Material to process ->
Content starts

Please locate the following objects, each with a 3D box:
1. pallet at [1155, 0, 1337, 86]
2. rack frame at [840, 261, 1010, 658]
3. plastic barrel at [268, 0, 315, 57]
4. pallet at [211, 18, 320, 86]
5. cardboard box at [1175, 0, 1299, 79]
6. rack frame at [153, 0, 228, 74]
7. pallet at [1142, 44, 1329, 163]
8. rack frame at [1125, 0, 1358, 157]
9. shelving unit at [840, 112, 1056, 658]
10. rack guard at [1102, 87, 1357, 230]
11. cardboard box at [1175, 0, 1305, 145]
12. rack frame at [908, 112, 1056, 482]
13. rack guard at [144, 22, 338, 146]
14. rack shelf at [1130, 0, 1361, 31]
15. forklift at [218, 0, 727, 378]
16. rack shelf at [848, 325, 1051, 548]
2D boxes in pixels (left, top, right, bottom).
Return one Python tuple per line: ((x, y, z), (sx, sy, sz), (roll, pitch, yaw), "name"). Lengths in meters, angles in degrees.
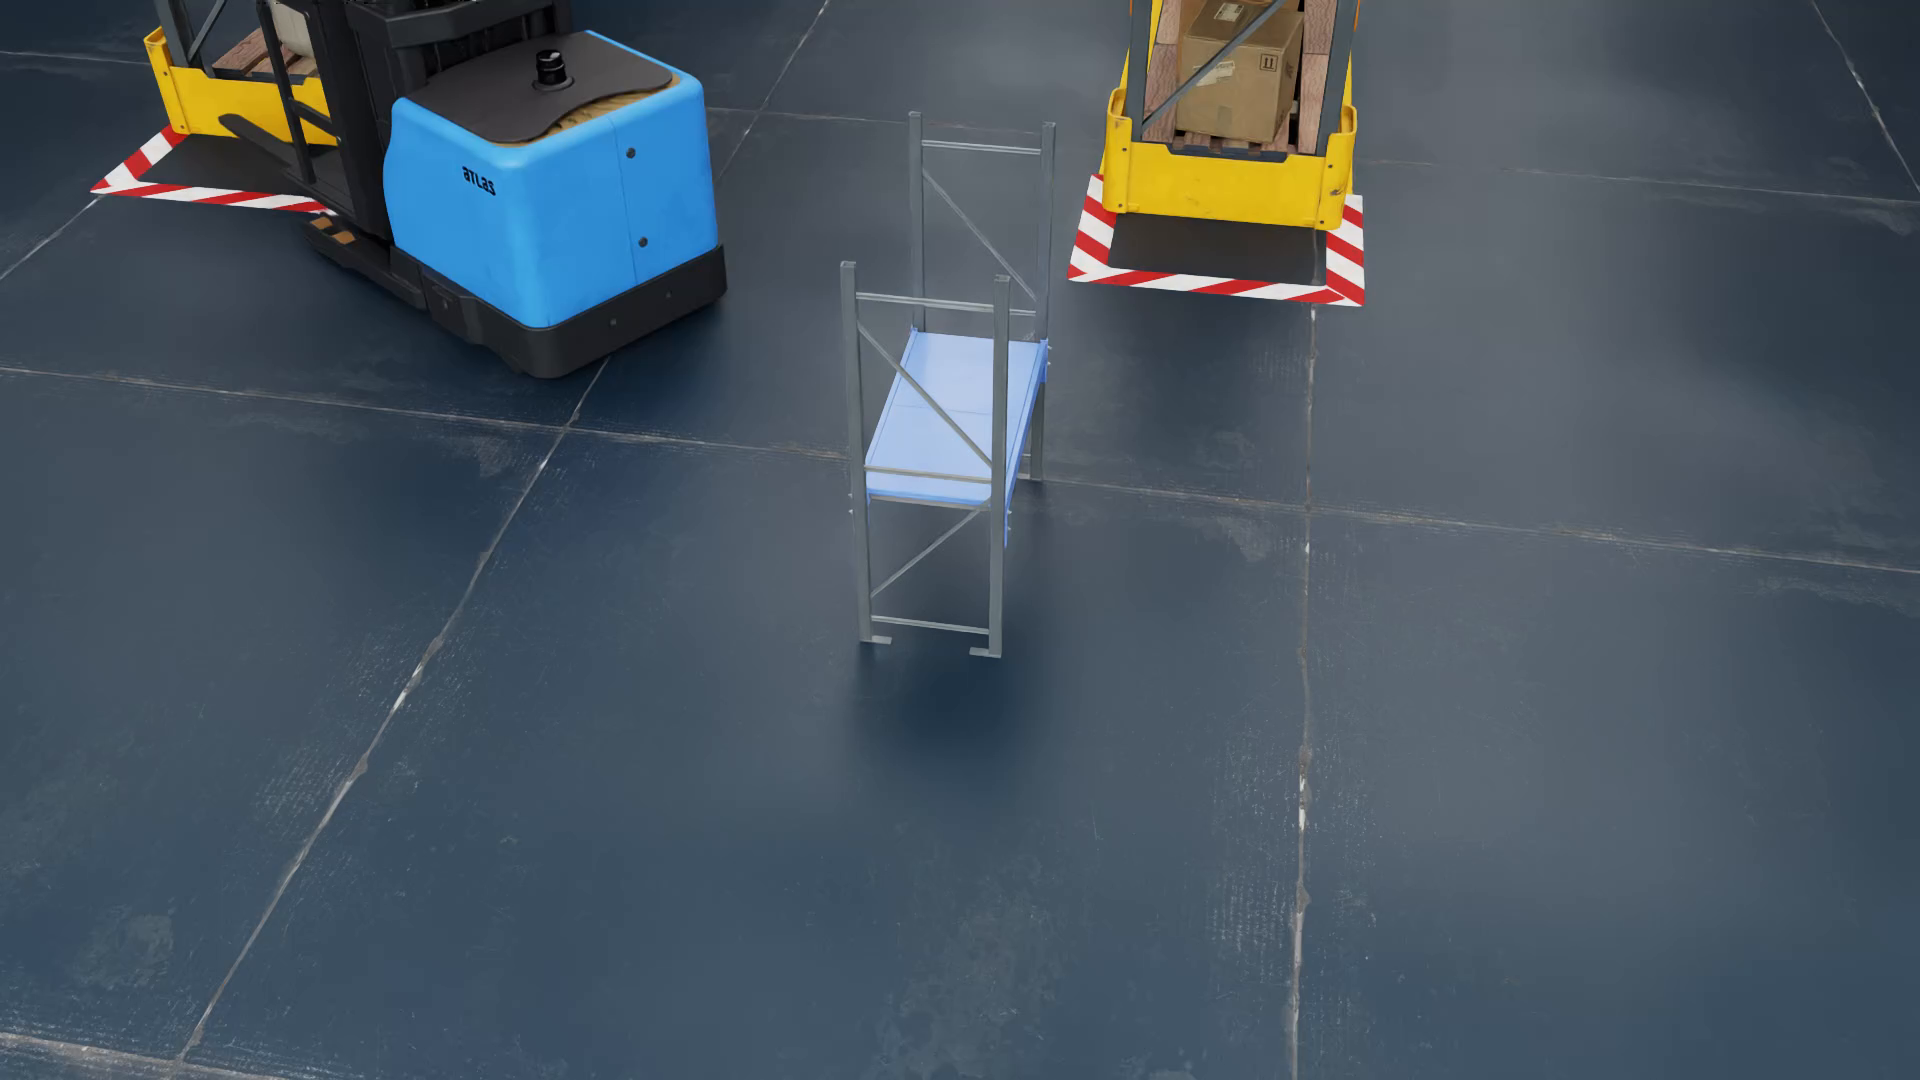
((1.688, -3.019, 9.736), (1.003, 0.211, 1.213), (6, 40, 8), "pallet")
((-0.103, -0.205, 5.321), (0.500, 1.500, 0.032), (6, 40, 8), "rack frame")
((-3.553, -2.947, 9.084), (0.421, 0.512, 0.421), (0, 40, 0), "plastic barrel")
((-3.479, -2.810, 9.484), (1.003, 0.211, 1.213), (6, 40, 8), "pallet")
((1.481, -2.744, 8.847), (0.500, 0.500, 0.500), (17, 42, 19), "cardboard box")
((-3.592, -3.323, 7.915), (1.000, 3.000, 0.127), (6, 40, 8), "rack frame")
((1.475, -2.256, 8.813), (1.003, 0.211, 1.213), (6, 40, 8), "pallet")
((1.287, -2.777, 7.255), (1.000, 3.000, 0.127), (6, 40, 8), "rack frame")
((-0.015, -0.524, 5.707), (0.538, 1.500, 1.048), (6, 40, 8), "shelving unit")
((1.300, -1.861, 8.109), (1.175, 0.500, 0.348), (6, 40, 8), "rack guard")
((1.411, -2.365, 8.389), (0.500, 0.500, 0.500), (14, 41, 16), "cardboard box")
((0.073, -0.844, 6.093), (0.500, 1.500, 0.032), (6, 40, 8), "rack frame")
((-3.625, -2.412, 8.776), (1.175, 0.500, 0.348), (6, 40, 8), "rack guard")
((1.633, -3.755, 9.002), (1.077, 0.370, 4.000), (6, 40, 8), "rack shelf")
((-2.471, -2.623, 7.122), (3.031, 2.935, 1.130), (31, 48, 32), "forklift")
((-0.015, -0.386, 5.822), (0.538, 0.185, 1.000), (6, 40, 8), "rack shelf")
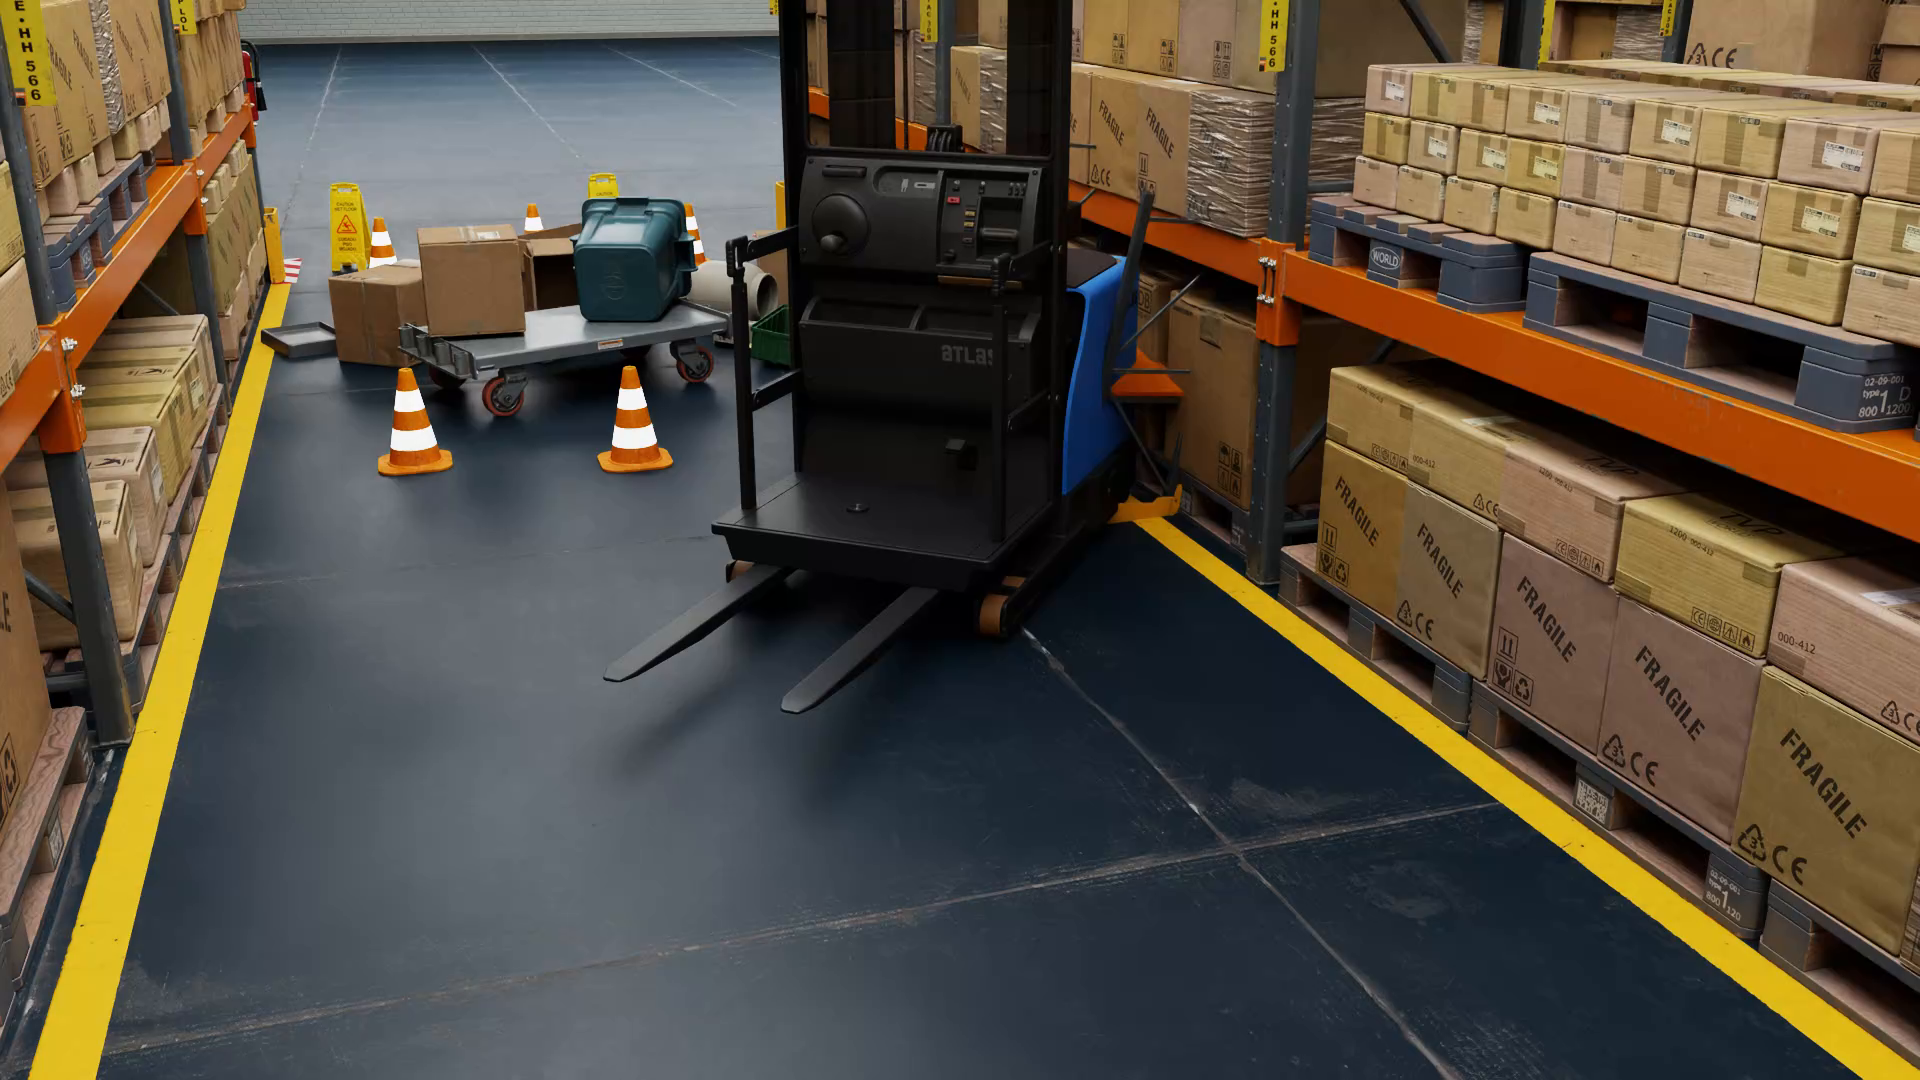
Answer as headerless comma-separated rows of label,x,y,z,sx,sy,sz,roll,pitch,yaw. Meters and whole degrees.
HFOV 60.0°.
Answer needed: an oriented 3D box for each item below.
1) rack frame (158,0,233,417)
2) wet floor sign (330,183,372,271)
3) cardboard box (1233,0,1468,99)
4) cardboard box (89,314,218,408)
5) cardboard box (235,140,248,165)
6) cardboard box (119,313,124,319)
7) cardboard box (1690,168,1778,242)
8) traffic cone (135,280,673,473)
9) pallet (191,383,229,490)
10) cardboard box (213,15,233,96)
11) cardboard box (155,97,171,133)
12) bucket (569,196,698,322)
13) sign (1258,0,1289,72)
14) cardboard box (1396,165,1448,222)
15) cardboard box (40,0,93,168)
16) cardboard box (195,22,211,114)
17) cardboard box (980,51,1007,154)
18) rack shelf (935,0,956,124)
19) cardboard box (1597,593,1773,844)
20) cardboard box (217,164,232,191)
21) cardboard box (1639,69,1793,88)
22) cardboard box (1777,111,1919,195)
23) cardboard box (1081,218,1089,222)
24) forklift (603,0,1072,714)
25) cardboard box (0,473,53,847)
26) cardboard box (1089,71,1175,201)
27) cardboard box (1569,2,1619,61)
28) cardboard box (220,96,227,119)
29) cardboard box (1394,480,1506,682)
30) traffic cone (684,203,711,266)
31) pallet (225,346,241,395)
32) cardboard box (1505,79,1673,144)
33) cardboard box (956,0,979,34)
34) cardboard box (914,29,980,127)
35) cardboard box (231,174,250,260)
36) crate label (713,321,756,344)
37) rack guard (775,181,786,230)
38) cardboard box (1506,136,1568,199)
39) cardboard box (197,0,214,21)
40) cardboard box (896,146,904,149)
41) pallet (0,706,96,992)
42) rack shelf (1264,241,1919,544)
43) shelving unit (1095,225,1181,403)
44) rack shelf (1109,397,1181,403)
rack frame,-4.315,-2.024,8.114,1.000,3.000,0.127,-6,21,-17
wet floor sign,-4.616,-2.374,12.572,0.267,0.644,0.232,1,20,2
cardboard box,1.478,-1.962,6.313,0.700,0.500,0.500,-7,21,-17
cardboard box,-4.148,-0.817,8.020,0.950,0.372,0.625,-6,21,-17
cardboard box,-4.894,-2.529,10.899,0.380,0.149,0.250,-6,21,-16
cardboard box,-4.756,-1.089,8.957,0.500,0.250,0.500,-5,20,-15
cardboard box,2.066,-0.842,4.135,0.380,0.149,0.250,-6,21,-15
traffic cone,-3.060,-1.777,7.710,3.046,2.808,1.723,-6,21,-17
pallet,-4.069,-0.462,7.891,1.003,0.211,1.213,-6,21,-17
cardboard box,-4.833,-3.028,10.321,0.500,0.500,0.500,-6,21,-17
cardboard box,-3.891,-1.968,7.708,0.380,0.149,0.250,-6,21,-16
bucket,-1.879,-1.556,9.405,0.726,0.611,0.620,1,30,2
sign,1.084,-1.784,5.732,0.100,0.325,0.005,-6,21,-17
cardboard box,1.643,-1.127,5.367,0.380,0.149,0.250,-5,20,-15
cardboard box,-3.150,-1.461,5.337,0.500,0.500,0.500,-5,20,-14
cardboard box,-4.368,-2.541,8.964,0.500,0.500,0.500,-6,21,-17
cardboard box,0.422,-2.270,8.652,0.500,0.500,0.500,-6,21,-17
rack shelf,8.062,-2.726,10.068,15.905,3.000,4.168,-6,21,-17
cardboard box,2.077,0.423,4.378,0.500,0.500,0.500,-7,21,-18
cardboard box,-4.477,-2.101,9.707,0.380,0.149,0.250,-5,20,-14
cardboard box,2.358,-1.385,5.205,0.380,0.149,0.250,-6,21,-16
cardboard box,2.147,-0.901,3.858,0.380,0.149,0.250,-7,21,-20
cardboard box,0.633,-1.532,9.450,1.050,0.750,0.750,-6,21,-17
forklift,-0.529,-1.350,6.338,2.033,2.935,3.733,8,21,20
cardboard box,-2.919,0.292,4.187,0.875,0.875,0.875,-7,21,-18
cardboard box,0.901,-1.783,7.294,0.500,0.500,0.500,-7,21,-18
cardboard box,4.886,-3.579,11.856,0.875,0.500,0.500,-6,21,-17
cardboard box,-4.783,-2.689,10.338,0.380,0.149,0.250,-7,21,-18
cardboard box,1.751,0.095,5.291,0.500,0.500,0.500,-6,21,-17
traffic cone,-2.086,-2.351,12.777,0.336,0.463,0.334,-6,21,-17
pallet,-4.560,-0.924,9.175,1.003,0.211,1.213,-6,21,-17
cardboard box,1.814,-1.239,4.799,0.380,0.149,0.250,-7,21,-19
cardboard box,0.269,-3.283,9.801,0.875,0.550,0.550,-6,21,-17
cardboard box,0.225,-2.770,9.970,0.875,0.550,0.550,-6,21,-17
cardboard box,-4.754,-2.005,10.398,0.500,0.500,0.500,-7,21,-18
crate label,-1.379,-1.280,10.276,0.250,0.136,0.298,12,23,30
rack guard,-0.912,-2.697,13.687,1.175,0.500,0.348,-6,21,-17
cardboard box,1.825,-1.089,4.821,0.380,0.149,0.250,-6,21,-17
cardboard box,-4.387,-3.012,8.798,0.700,0.500,0.500,-6,21,-17
cardboard box,-0.066,-2.278,11.344,0.875,0.875,0.875,-6,21,-17
pallet,-2.881,0.833,4.285,1.003,0.211,1.213,-6,21,-17
rack shelf,2.238,-0.318,4.430,1.077,0.370,4.000,-6,21,-17
shelving unit,0.595,-0.952,7.281,0.500,1.500,0.985,-2,30,-25
rack shelf,0.581,-0.810,7.320,0.416,0.036,0.922,-2,30,-25

Content ends

Exercise description -> Check each line above for the word "Answer", and copy the lines where it appears.

Exercise solution ->
Answer as headerless comma-separated rows of label,x,y,z,sx,sy,sz,roll,pitch,yaw. Meters and whole degrees.
Answer needed: an oriented 3D box for each item below.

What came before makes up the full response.